Records supplied

>>>

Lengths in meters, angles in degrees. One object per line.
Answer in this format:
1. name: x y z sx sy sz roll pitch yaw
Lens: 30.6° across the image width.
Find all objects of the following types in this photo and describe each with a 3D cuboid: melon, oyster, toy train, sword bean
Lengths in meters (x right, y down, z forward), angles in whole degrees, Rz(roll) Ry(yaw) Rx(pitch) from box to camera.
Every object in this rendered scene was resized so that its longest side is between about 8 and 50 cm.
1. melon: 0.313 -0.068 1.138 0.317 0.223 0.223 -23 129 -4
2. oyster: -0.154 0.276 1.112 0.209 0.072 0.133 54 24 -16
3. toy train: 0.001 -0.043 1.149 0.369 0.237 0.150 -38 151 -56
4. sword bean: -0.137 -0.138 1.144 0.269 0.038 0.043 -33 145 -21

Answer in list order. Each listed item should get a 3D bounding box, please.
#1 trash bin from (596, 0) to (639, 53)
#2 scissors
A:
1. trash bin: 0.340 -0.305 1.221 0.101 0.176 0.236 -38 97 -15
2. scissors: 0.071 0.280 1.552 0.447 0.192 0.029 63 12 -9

<<<
>>>

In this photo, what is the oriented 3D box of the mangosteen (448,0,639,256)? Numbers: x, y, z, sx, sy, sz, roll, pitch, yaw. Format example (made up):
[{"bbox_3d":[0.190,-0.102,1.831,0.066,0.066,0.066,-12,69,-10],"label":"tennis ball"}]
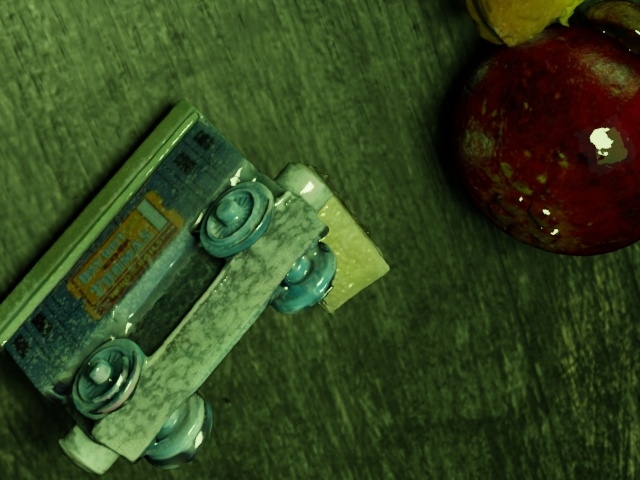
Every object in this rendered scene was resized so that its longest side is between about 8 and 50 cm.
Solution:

<<<
>>>

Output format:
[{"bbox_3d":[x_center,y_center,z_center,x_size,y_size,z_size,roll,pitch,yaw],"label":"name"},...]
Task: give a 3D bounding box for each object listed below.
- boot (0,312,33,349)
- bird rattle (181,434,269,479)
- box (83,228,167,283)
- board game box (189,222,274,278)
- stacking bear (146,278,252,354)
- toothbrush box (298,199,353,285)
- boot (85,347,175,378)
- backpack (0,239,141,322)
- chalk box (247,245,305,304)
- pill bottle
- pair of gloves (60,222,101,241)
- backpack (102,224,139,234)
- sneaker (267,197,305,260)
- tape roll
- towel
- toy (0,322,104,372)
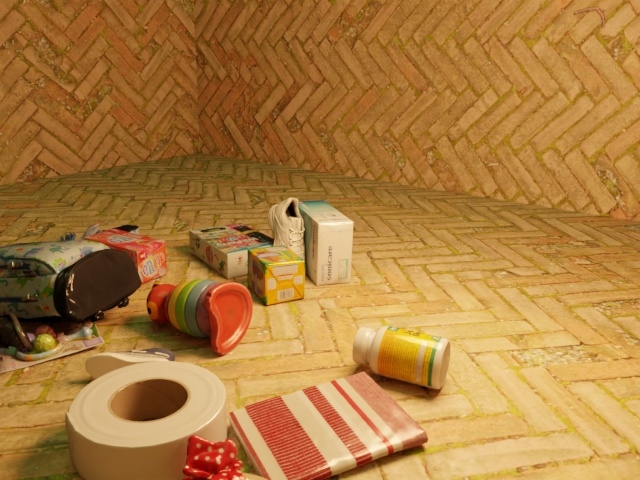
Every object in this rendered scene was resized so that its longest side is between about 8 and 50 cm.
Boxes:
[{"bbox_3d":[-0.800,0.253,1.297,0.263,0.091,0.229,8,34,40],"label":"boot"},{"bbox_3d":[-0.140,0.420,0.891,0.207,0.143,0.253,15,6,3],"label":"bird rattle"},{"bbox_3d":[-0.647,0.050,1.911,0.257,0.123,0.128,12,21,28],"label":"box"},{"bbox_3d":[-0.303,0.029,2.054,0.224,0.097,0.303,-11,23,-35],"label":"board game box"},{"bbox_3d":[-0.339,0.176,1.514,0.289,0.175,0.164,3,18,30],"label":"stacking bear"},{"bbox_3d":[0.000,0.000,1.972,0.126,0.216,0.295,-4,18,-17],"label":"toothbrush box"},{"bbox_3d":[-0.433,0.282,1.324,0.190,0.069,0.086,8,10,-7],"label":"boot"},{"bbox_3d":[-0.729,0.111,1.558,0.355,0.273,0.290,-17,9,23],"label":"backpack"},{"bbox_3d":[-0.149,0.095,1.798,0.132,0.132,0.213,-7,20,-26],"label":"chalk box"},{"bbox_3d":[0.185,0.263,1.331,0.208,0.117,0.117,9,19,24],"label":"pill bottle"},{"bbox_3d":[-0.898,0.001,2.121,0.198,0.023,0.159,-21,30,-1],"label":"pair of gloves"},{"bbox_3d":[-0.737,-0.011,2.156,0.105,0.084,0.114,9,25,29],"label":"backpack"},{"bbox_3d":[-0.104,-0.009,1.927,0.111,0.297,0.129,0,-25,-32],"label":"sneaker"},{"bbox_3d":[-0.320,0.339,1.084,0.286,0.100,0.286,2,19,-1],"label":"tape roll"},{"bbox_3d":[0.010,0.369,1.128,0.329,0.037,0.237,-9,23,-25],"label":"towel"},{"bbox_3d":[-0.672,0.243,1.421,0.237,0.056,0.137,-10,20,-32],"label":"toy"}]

<<<

Count of lines with "Lengths": please work it out for the entries above and give the number by itself.

2